8 Mart Dünya Emekçi Kadınlar Günü dünyada ve Türkiye’de kitlesel gösterilere sahne oldu. Binlerce kadın yakıcı taleplerini alanlarda haykırdı.
Öte yandan, 8 Mart vesilesiyle her yıl olduğu gibi bu yıl da kapitalist tekeller ve devlet kurumları bir dizi mecrada kadın vurgusunu öne çıkaran reklamlarla donattı her yanı. Kafamızı çevirdiğimiz her yerde gördüğümüz reklamlarda, yılın 365 günü ve her anı yok sayılan kadınlar yalnızca bir gün için sözde “el üstünde tutuldu.”

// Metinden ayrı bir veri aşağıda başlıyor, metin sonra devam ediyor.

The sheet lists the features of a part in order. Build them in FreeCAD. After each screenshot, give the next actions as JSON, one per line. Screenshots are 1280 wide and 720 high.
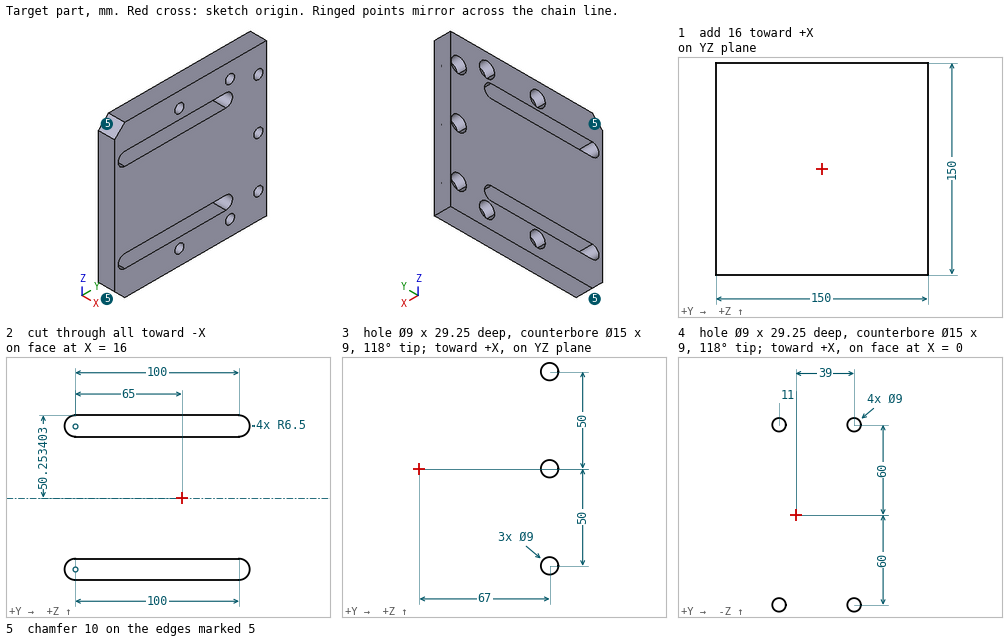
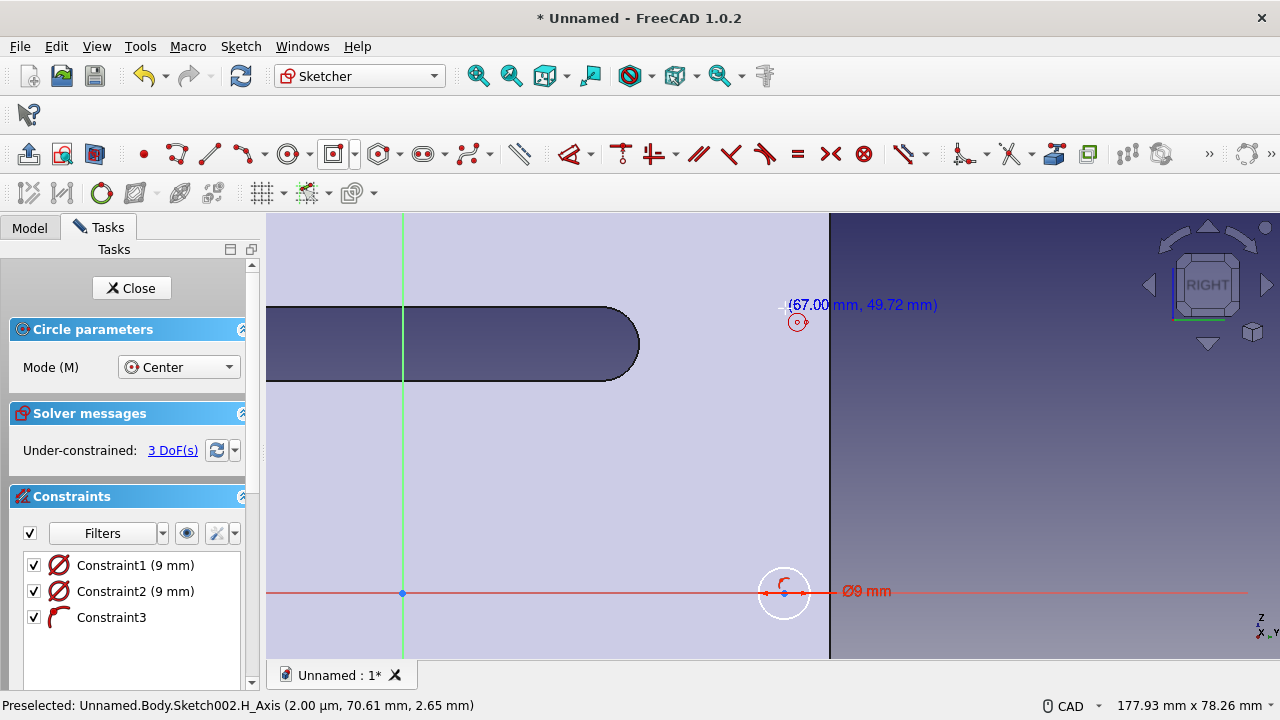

Elbette kadınların yaşadığı sorunlar ve talepleri yer almadı bu ilanlarda. Çünkü kapitalistler, bu yolla işçi sınıfının mücadele günü olarak tarihte yer edinen 8 Mart’ın içini boşaltmakla kalmıyor, aynı zamana 8 Mart’ı kadınlara hediyeler alınan, çiçekler verilen, partilerle kutlanan bir güne indirgemek istiyor. Sistem bunu çok bilinçli bir yönelimle yapılıyor.
“Tüket, tüket, tüket”
Bu sistemde kadın denildiğinde akla ilk gelen şey mutfak aletleri, temizlik malzemeleri, kozmetik vb. oluyor. Doğalında bu ürünleri üreten firmalar “kadınlar günü”nü hiç es geçmiyor. Arka fonunda kadın figürlerinin yer aldığı reklamlar eşliğinde toplum, ihtiyaçların ötesinde tüketmeye teşvik ediliyor. Böylece, amaç tüketmek oldukça, kadınlar tüketimin bir nesnesi haline getiriliyor.
Son zamanlarda kadınların mücadele sahnesinde daha fazla yerini almasıyla birlikte, toplumsal cinsiyet rollerini eleştiren reklamlar da yaygın hale geldi. Fakat bunlarda da kadın, kapitalistlerin kendilerinin ya da ürünlerinin reklamının bir nesnesi olarak kullanıldı. Örneğin bir araba reklamlarında “özgür” ve “güçlü” kadınlara “başarı” hikayeleri anlattırıldı. Kadınların hikayelerindeki “kahraman” ise Koç’un ürettiği bir araba oldu.
Güçlü “insan”, örgütlü toplumla mümkündür
Her 8 Mart’ta burjuva dünyadan yansıyan reklamlarda “güçlü kadın”, “en iyi kadınlar yapar”, “kadının gücü masal değil”, “hayatı kolaylaştıran kadınlar”, vb. söylemler eksik olmuyor. Bu reklamları kullanan şirketler ise işçilerin sömürüsü üzerinden servetlerini büyütüyor. Çok “değer verdikleri” kadın işçilerin emek güçlerini yok pahasına satın alıp, onları sömürüp paha biçilmez servetler elde ediyorlar. Kadın işçilere ve toplamda işçilere düşen ise düşük ücretler, uzun çalışma süreleri, ödenmeyen mesailer, sendikasız ve güvencesiz çalışma koşulları oluyor.
Evet, kadınlar yaşamın her alanında varlar, özgür ve eşit oldukları koşulda her şeyi yapabilirler. Ancak bu örgütlü olmakla ve kadını ikincil gören, ezen, sömüren, horlayan ve nesneleştiren sisteme karşı kadın-erkek omuz omuza verilecek mücadele ile mümkün olabilir.